SuperQode is a harness engineering framework for coding agents, optimized for local and open models. The harness is the software around the model that decides what it can see, which tools it can call, how it remembers, and how its work is checked. After prompt engineering and context engineering, the harness is the layer that now decides whether a coding agent is reliable.
Most coding products ship a finished harness you cannot see, tuned to keep you on one model. Open Models ship with no harness at all. SuperQode gives you one you own: model routing, tools, memory, context, search, approvals, sandboxing, workflows, evals, and optimization, written as a YAML artifact that lives in your repo.
You do four things with a harness you own:
- Build it as a versioned file, with a wizard, model-family templates, and a plain-English
explain. - Measure it with eval scorecards, agentic benchmarks, and regression gates before you trust it.
- Extend it across runtimes, providers, MCP, ACP, and A2A without changing the contract.
- Optimize it with staged candidates a human adopts, so a failure gets fixed once instead of retried.
Use SuperQode when you want harness independence: the freedom to inspect, version, measure, and improve the system that makes a model useful on your codebase, with any model you choose, open or closed, small or large, local or remote.
Run superqode for the terminal workbench, then :local init to detect your hardware, generate a local first starter harness, and run a readiness smoke test. The CLI mirrors the same path with superqode local init --repo .. Run superqode local optimize to benchmark candidates and generate role specific routing for planner, implementer, reviewer, and utility agents.
One TUI and CLI, consistent tool policies, event logging, and session management across every agent type. Define your harness once as a portable spec. Swap runtimes, models, memory, search, or tools without changing your workflow. Run the same contract locally, on a team machine, through remote runtimes, or in CI.

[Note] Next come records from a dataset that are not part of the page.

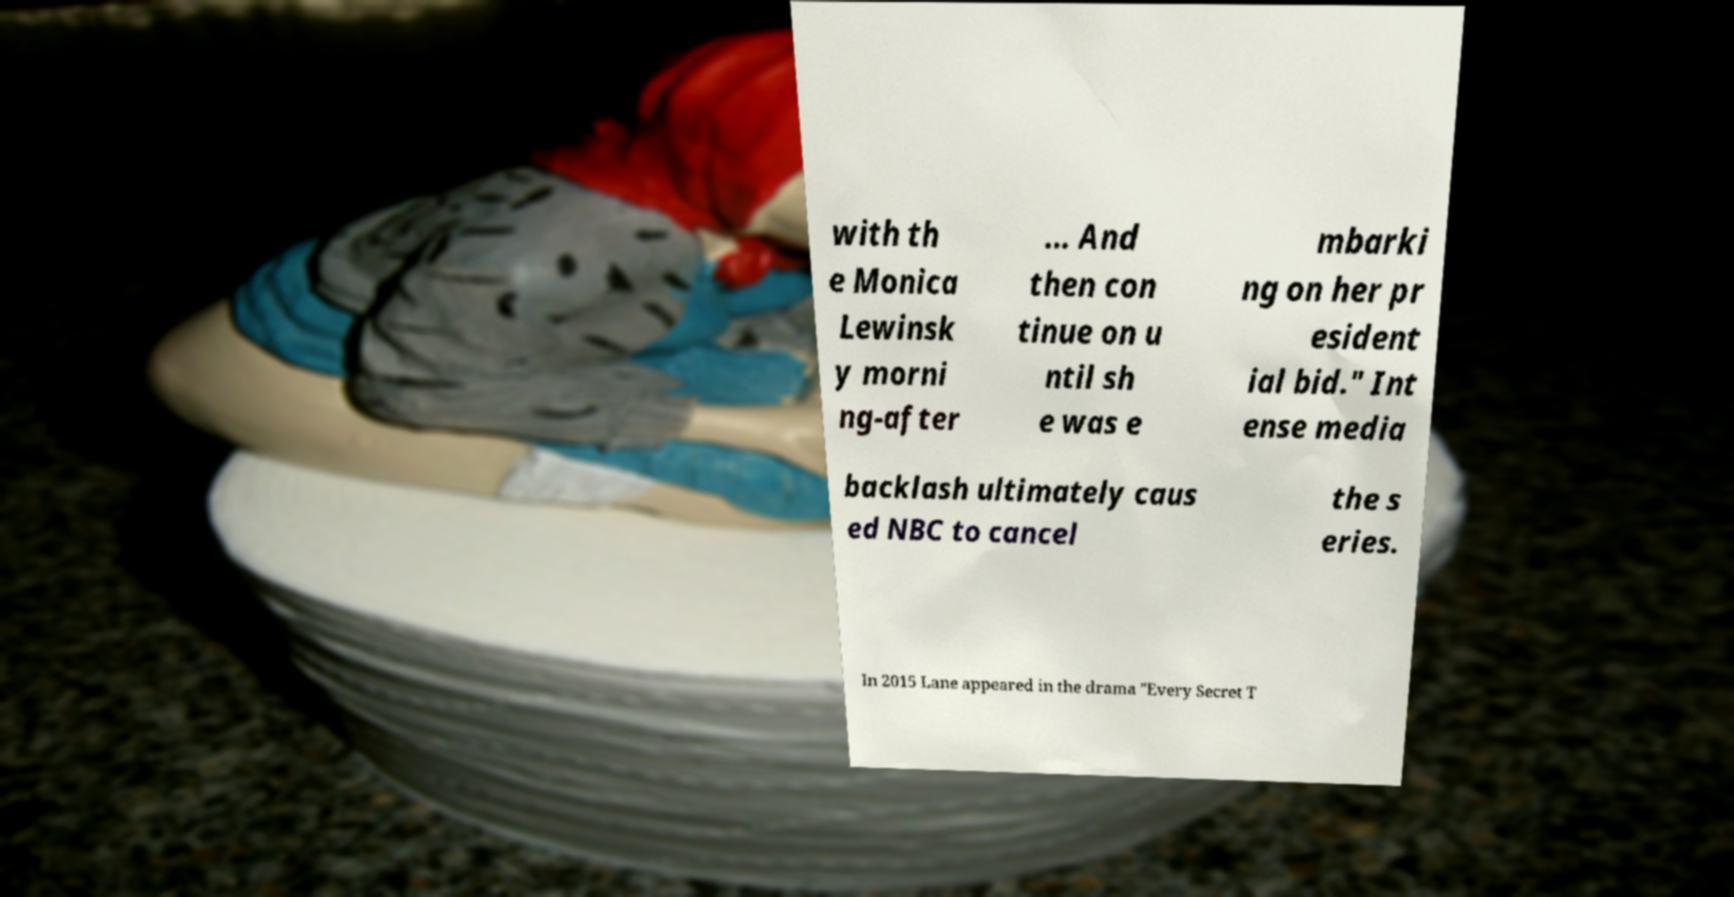There's text embedded in this image that I need extracted. Can you transcribe it verbatim? with th e Monica Lewinsk y morni ng-after ... And then con tinue on u ntil sh e was e mbarki ng on her pr esident ial bid." Int ense media backlash ultimately caus ed NBC to cancel the s eries. In 2015 Lane appeared in the drama "Every Secret T 
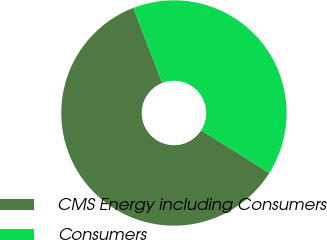<chart> <loc_0><loc_0><loc_500><loc_500><pie_chart><fcel>CMS Energy including Consumers<fcel>Consumers<nl><fcel>60.19%<fcel>39.81%<nl></chart> 
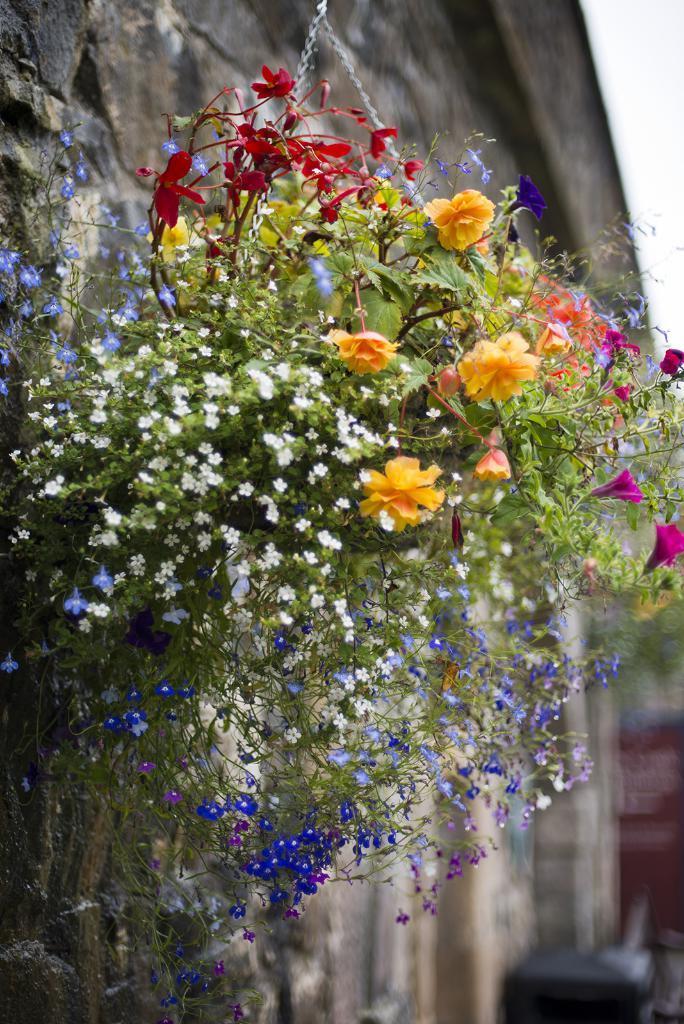Could you give a brief overview of what you see in this image? In this image we can see a potted plant with flowers, a wall and a blurry background. 
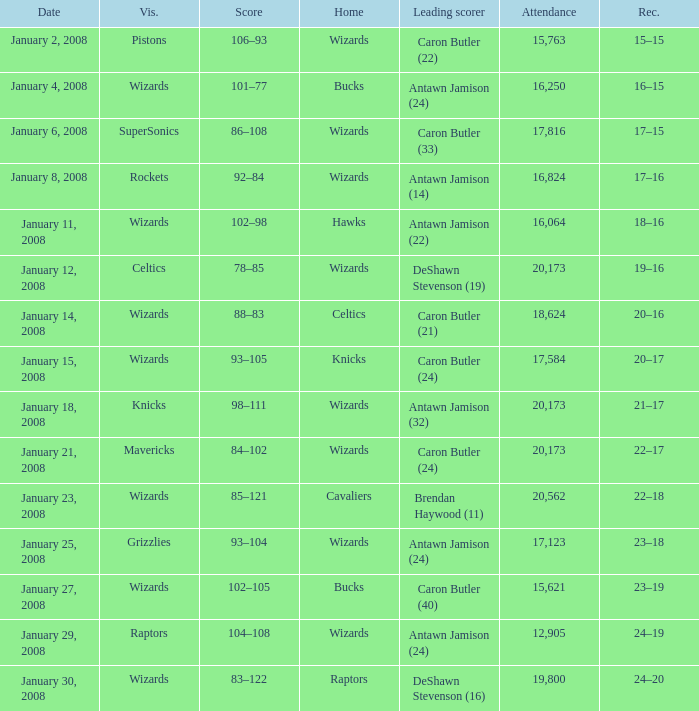What is the record when the leading scorer is Antawn Jamison (14)? 17–16. 
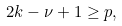Convert formula to latex. <formula><loc_0><loc_0><loc_500><loc_500>2 k - \nu + 1 \geq p ,</formula> 
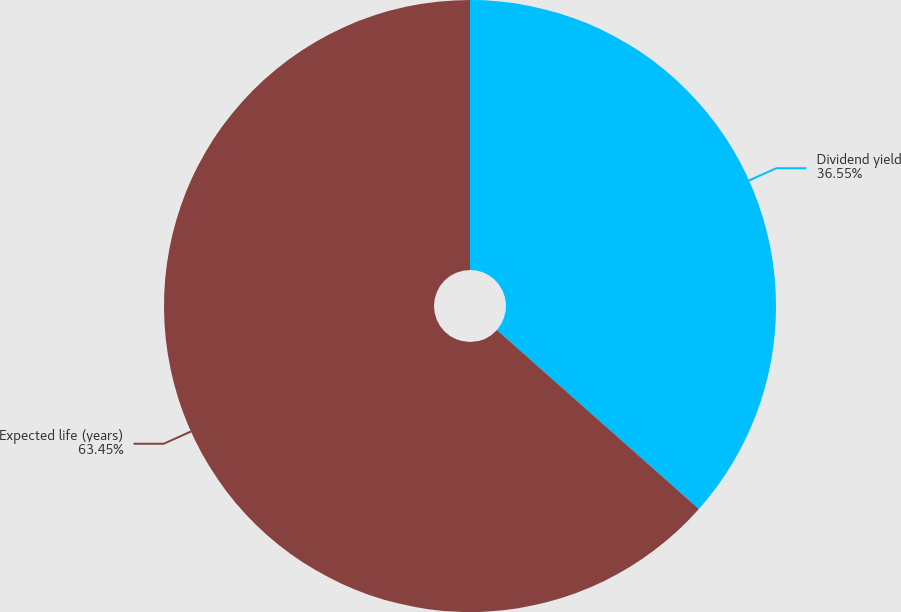Convert chart to OTSL. <chart><loc_0><loc_0><loc_500><loc_500><pie_chart><fcel>Dividend yield<fcel>Expected life (years)<nl><fcel>36.55%<fcel>63.45%<nl></chart>

cd your-project && superqode
Core Concepts
SuperQode separates agent systems into interchangeable pieces: the harness controls runtime, tools, sandbox, memory, search, workflow, approvals, and model policy; the runtime executes the work; tools expose file, search, edit, shell, MCP, and verification capabilities under policy; and model policy controls routing, temperature, reasoning, context, and iteration limits. Change any piece without rewriting the rest.
Quick Start
Installation
Primary (Recommended)
# Using uv (best performance)
uv tool install superqode
# Or using pip
pip install superqode
Alternate (No Python Required, SuperQode TUI Only)
# Using Curl script
curl -fsSL https://super-agentic.ai/install.sh | bash
Run SuperQode
Interactive TUI (Explore)
cd your-project
superqode
Inside the TUI, the local-first MVP path is:
:local init # detect hardware, generate superqode.local.yaml, run smoke when possible
:local labs # browse trusted models.dev Labs recommendations
:connect local # pick Ollama, LM Studio, MLX, DS4, vLLM, or SGLang
:harness superqode.local.yaml
superqode.yaml and superqode.local.yaml have different jobs. superqode.yaml is project configuration: provider hints, endpoints, MCP servers, memory providers, aliases, and default connection settings. superqode.local.yaml is a HarnessSpec: the repeatable run contract for runtime, model policy, tools, sandbox, approvals, checks, workflow, and events. Generate project config with superqode config init; generate a harness with :local init, superqode local init --repo ., or superqode harness init ....
Headless coding harness
cd your-project
superqode --print "inspect this repository and suggest the smallest next step"
Your First Harness Run
A harness is the repeatable contract for how an agent run behaves. Start with the default coding harness:
cd your-project
superqode harness init my-coder --template coding --output harness.yaml
superqode harness doctor --spec harness.yaml
superqode harness run --spec harness.yaml --prompt "summarize the architecture"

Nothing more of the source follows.